He said suddenly: “But they must be hungry. They must eat.”
It took some time to penetrate the heavy Turkish skulls of the servants, but at last the message got through and several heavy silvery trays made their appearance with two huge loaves of village bread, some olives, tinned meat, and a rank black wine. Caradoc carved all this into the semblance of helpings and we all fell to, suddenly ravenous.
The fire was built up with wood-shavings until it bellowed and bristled, throwing our shadows about the room. The small dark eyes of Jocas watched us with a benign affection—the expression on the face of a mother watching her children eat. I took my doorstep-sandwich and sat on the edge of the bed to share a friendly smile with him; he sighed with deep satisfaction as he watched us dispose ourselves around his bed. Like a child arranging his toys upon the counterpane. And I saw also that this whole visit of ours was part of a design, a deeply considered design. His architect was there to consult about a funerary monument; the embalming team were already on the spot. Jocas was good at mind reading, and followed my thoughts clearly, like somebody reading print. “Yes” he said. “It is like that. I had at first difficulty in my ideas because Julian could not understand; but now he’s united with me. He has agreed with me. The need to have all our unhappy family—Merlins—under one roof, in one ground.” He spread his hands in the direction of Caradoc who was munching. Then from under his pillow he produced a piece of parchment and handed it to me. It was in Greek. “Permission of the Orthodox Church to remove the body of the old man; Koepgen will bring it. He is still alive there in Spinalonga working, happy. I saw him last week.” He chuckled softly. “Then what else? Yes, I wish myself to be golded, or do you say gilded? All gold. I have a firman for the whole headland, Caradoc.” But this sort of talk made Caradoc extremely uneasy and shy; it seemed to him rather ill-mannered to talk so openly about death. “It’s bad form” he said severely and munched his bread. Moreover he was very superstitious, had no intention of dying himself, and didn’t want to hear about such matters. I watched the new vivid imperial face of Jocas and racked my brains to think of the prototype; at last click, up came the Ravenna mosaics, together with a whole lot of half-forgotten debris about Justinian and Theodora, that brave soul. I felt the long heavy night of the Turkish soul exemplified in its old half-dead capital—the Venice of the East. “And Julian will give me a service in St. Paul’s.” It is impossible to describe the smiling childish joy with which he uttered the words. His eyes sparkled with cupidity. “St. Paul’s!” He crooned the words almost. He had begun to make everything sound extremely attractive—death should be like that. It was the ancient Greeks who couldn’t take the idea.
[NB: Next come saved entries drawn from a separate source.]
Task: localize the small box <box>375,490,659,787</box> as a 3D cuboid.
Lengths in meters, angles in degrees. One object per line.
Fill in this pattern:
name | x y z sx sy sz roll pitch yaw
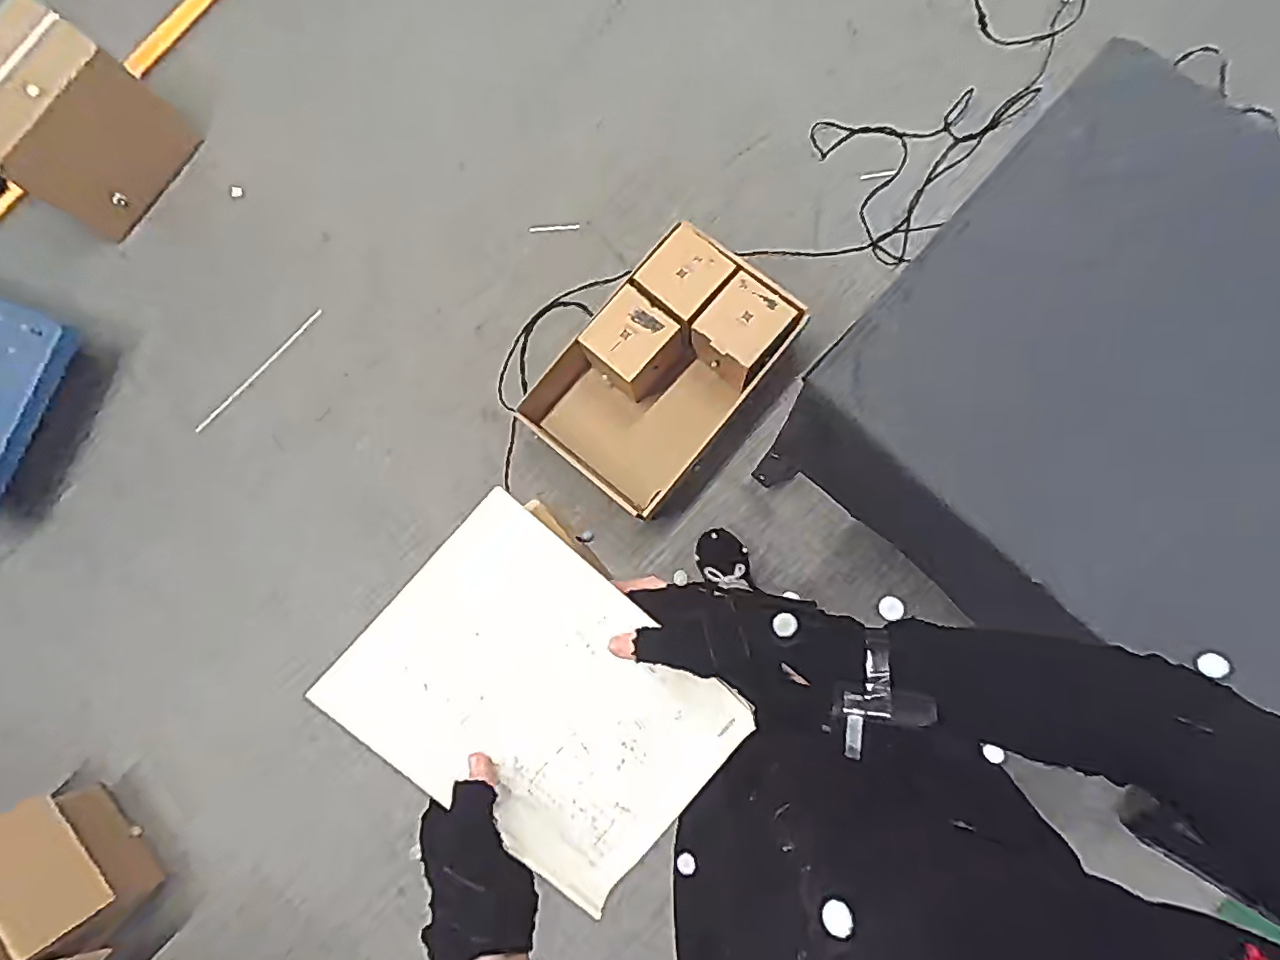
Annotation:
small box | -0.100 0.137 0.511 0.168 0.176 0.179 -39 81 -6
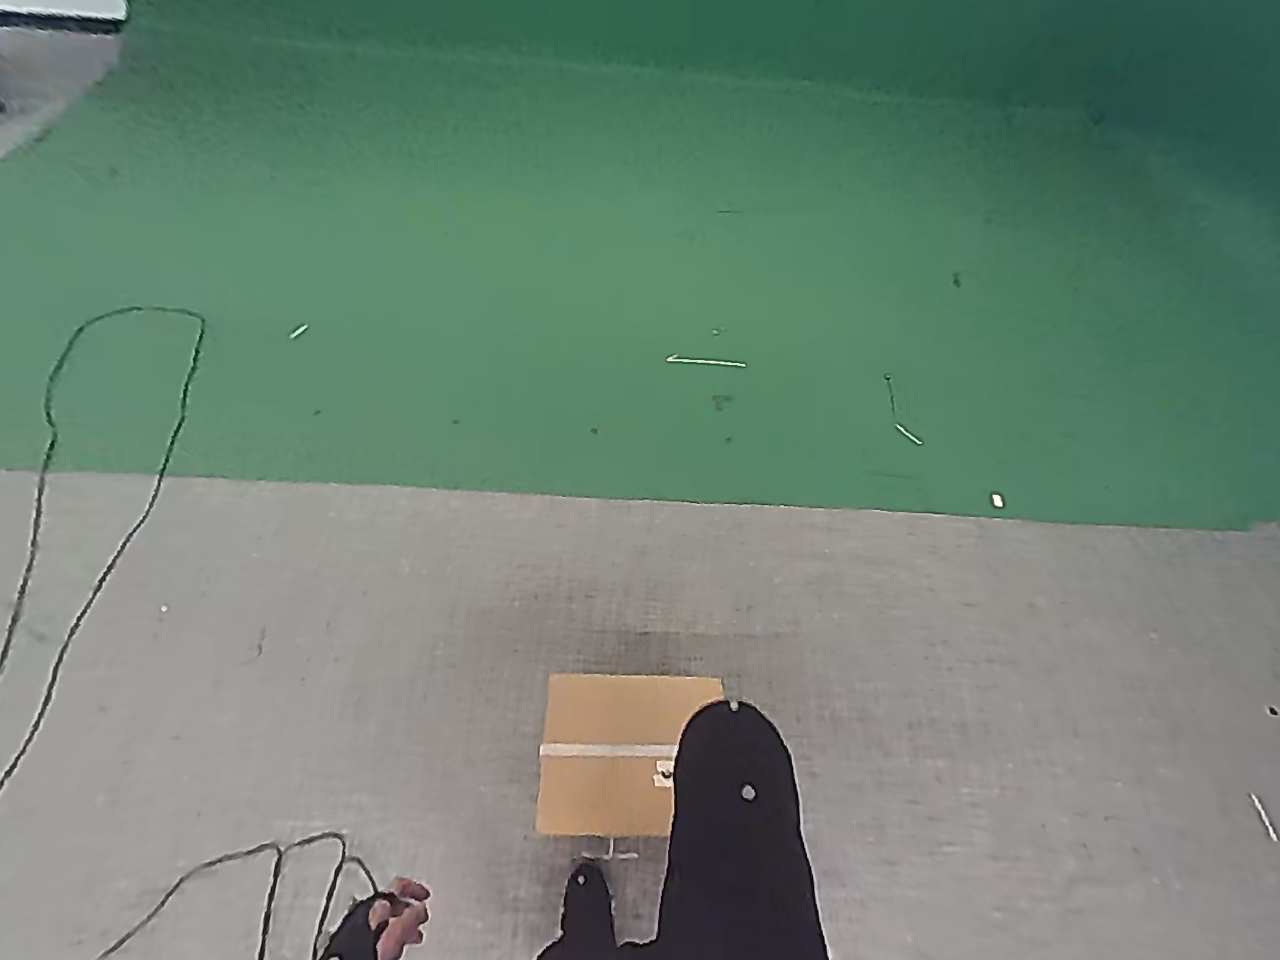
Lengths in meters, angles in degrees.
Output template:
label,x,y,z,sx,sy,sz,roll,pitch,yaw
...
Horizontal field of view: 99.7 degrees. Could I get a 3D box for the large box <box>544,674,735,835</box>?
label,x,y,z,sx,sy,sz,roll,pitch,yaw
large box,-0.015,0.668,1.308,0.408,0.320,0.320,2,58,-4
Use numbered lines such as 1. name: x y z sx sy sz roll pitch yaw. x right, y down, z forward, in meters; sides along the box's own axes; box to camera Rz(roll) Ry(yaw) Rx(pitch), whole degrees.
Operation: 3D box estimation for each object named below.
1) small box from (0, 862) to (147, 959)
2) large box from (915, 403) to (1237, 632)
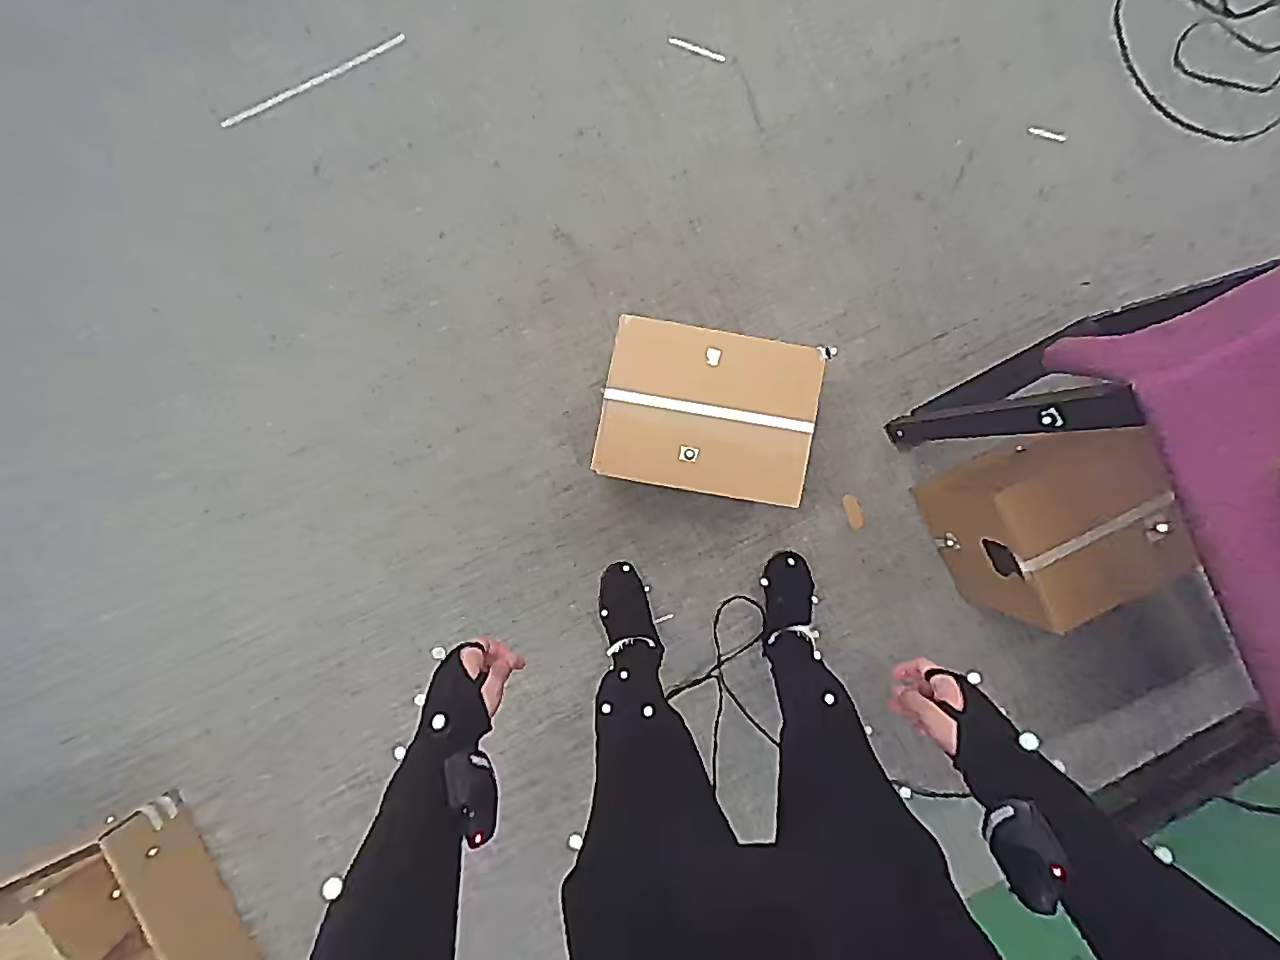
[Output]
1. small box: -1.266 0.993 1.191 0.168 0.176 0.179 -30 93 -1
2. large box: 0.922 0.072 1.197 0.408 0.320 0.320 -26 93 -2

He took a long drink from a glass at his bedside and subsided again into sighing happiness. “Though I have never seen it,” he said “Julian once had a photograph faked to appear as if I was there at a memorial service. It was politically necessary, Amin Pasha. Here everyone thought I was in London specially for him; but it was a fake, I was here. Julian did it. Ah Julian! Only now I have come to understand him a little bit. He will never love me, but now he doesn’t care. And he fears death very much. O yes.”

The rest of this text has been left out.